Guaranteed satisficing and finite regret: Analysis of a cognitive satisficing value function
This work addresses efficiency issues in reinforcement learning for researchers and practitioners by offering a theoretically grounded satisficing approach, though it is incremental as it builds on existing bandit problem frameworks.
The paper tackles the challenge of solving complex reinforcement learning tasks within practical time frames by proposing a satisficing strategy that seeks actions above an aspiration level rather than optimal ones, proving that their risk-sensitive satisficing model guarantees finding such actions and achieves finite regret in K-armed bandit problems.

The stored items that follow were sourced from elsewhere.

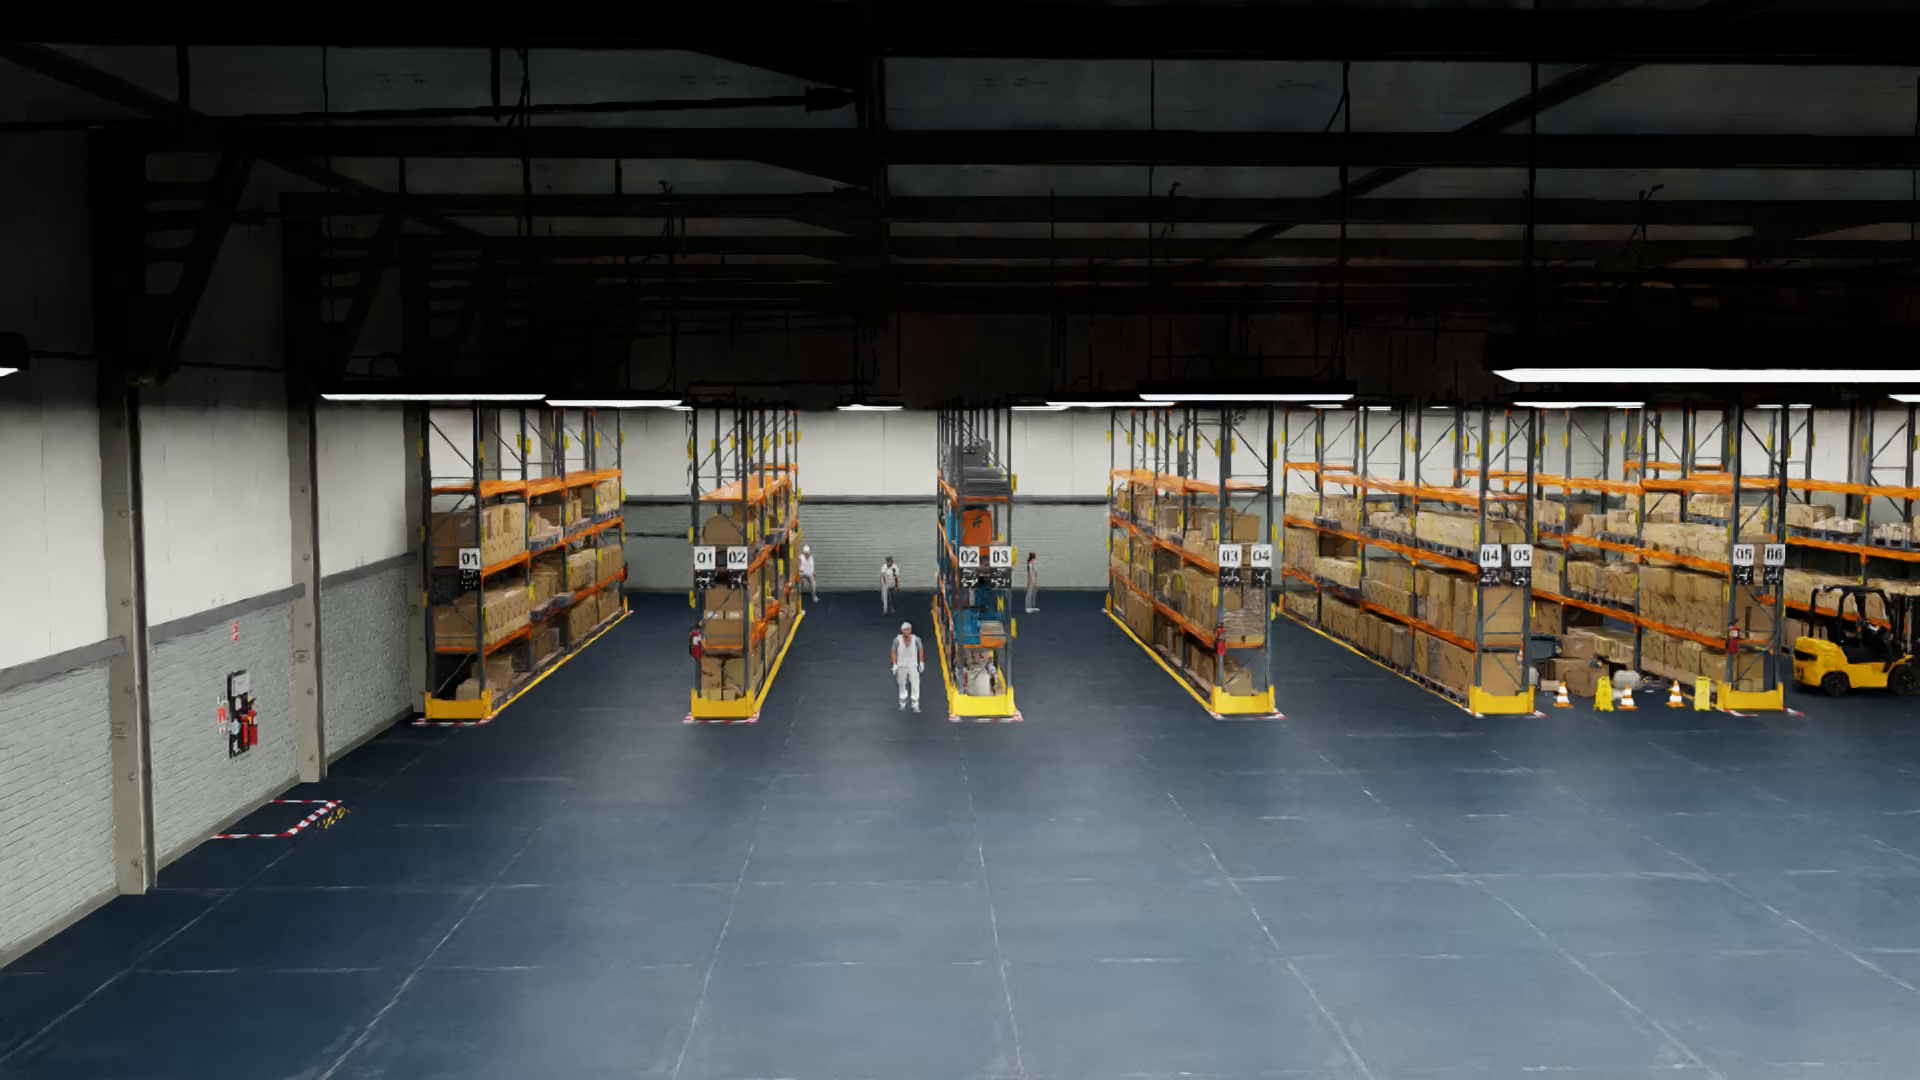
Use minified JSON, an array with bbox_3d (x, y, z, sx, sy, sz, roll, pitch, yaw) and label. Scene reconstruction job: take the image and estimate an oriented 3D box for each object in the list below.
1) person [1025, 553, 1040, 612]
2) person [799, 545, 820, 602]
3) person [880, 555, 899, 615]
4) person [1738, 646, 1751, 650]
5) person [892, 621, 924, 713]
[{"bbox_3d":[2.070,1.222,47.562,0.394,1.632,0.549,1,5,14],"label":"person"},{"bbox_3d":[-4.634,0.999,50.042,0.682,1.713,0.844,-2,5,-19],"label":"person"},{"bbox_3d":[-1.972,1.260,46.776,0.540,1.670,1.120,0,4,-4],"label":"person"},{"bbox_3d":[18.185,1.921,38.761,0.532,1.588,0.536,2,5,24],"label":"person"},{"bbox_3d":[-0.990,2.404,31.727,0.620,1.747,0.605,0,4,0],"label":"person"}]

As reinforcement learning algorithms are being applied to increasingly complicated and realistic tasks, it is becoming increasingly difficult to solve such problems within a practical time frame. Hence, we focus on a \textit{satisficing} strategy that looks for an action whose value is above the aspiration level (analogous to the break-even point), rather than the optimal action. In this paper, we introduce a simple mathematical model called risk-sensitive satisficing ($RS$) that implements a satisficing strategy by integrating risk-averse and risk-prone attitudes under the greedy policy. We apply the proposed model to the $K$-armed bandit problems, which constitute the most basic class of reinforcement learning tasks, and prove two propositions. The first is that $RS$ is guaranteed to find an action whose value is above the aspiration level. The second is that the regret (expected loss) of $RS$ is upper bounded by a finite value, given that the aspiration level is set to an "optimal level" so that satisficing implies optimizing. We confirm the results through numerical simulations and compare the performance of $RS$ with that of other representative algorithms for the $K$-armed bandit problems.